------ DATA SHOWN

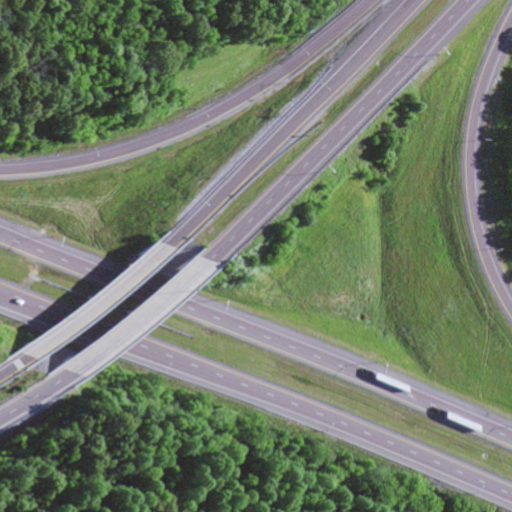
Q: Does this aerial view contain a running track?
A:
No
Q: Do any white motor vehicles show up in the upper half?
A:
No
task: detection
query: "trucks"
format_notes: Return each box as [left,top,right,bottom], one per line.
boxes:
[364,369,410,392]
[436,408,482,431]
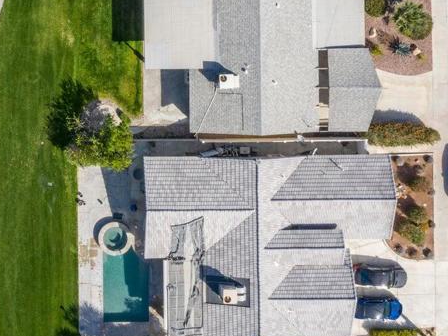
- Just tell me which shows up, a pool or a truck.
pool
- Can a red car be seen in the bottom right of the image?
No
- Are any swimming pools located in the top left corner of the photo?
No
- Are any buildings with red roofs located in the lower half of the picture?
No
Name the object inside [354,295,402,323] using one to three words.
car
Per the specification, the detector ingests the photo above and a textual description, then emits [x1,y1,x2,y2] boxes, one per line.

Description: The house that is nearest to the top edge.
[140,0,381,135]
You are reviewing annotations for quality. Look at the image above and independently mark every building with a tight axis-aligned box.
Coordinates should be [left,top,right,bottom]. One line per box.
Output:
[143,155,397,336]
[140,0,381,135]
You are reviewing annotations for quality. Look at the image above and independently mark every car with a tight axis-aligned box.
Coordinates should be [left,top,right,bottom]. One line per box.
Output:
[351,262,407,290]
[354,295,402,323]

------------

WHAT YOU ARE ASKED TO DO:
Find the word "reviewing" in the data and show each line that holds it.

ANSWER TO THIS TASK:
You are reviewing annotations for quality. Look at the image above and independently mark every building with a tight axis-aligned box.
You are reviewing annotations for quality. Look at the image above and independently mark every car with a tight axis-aligned box.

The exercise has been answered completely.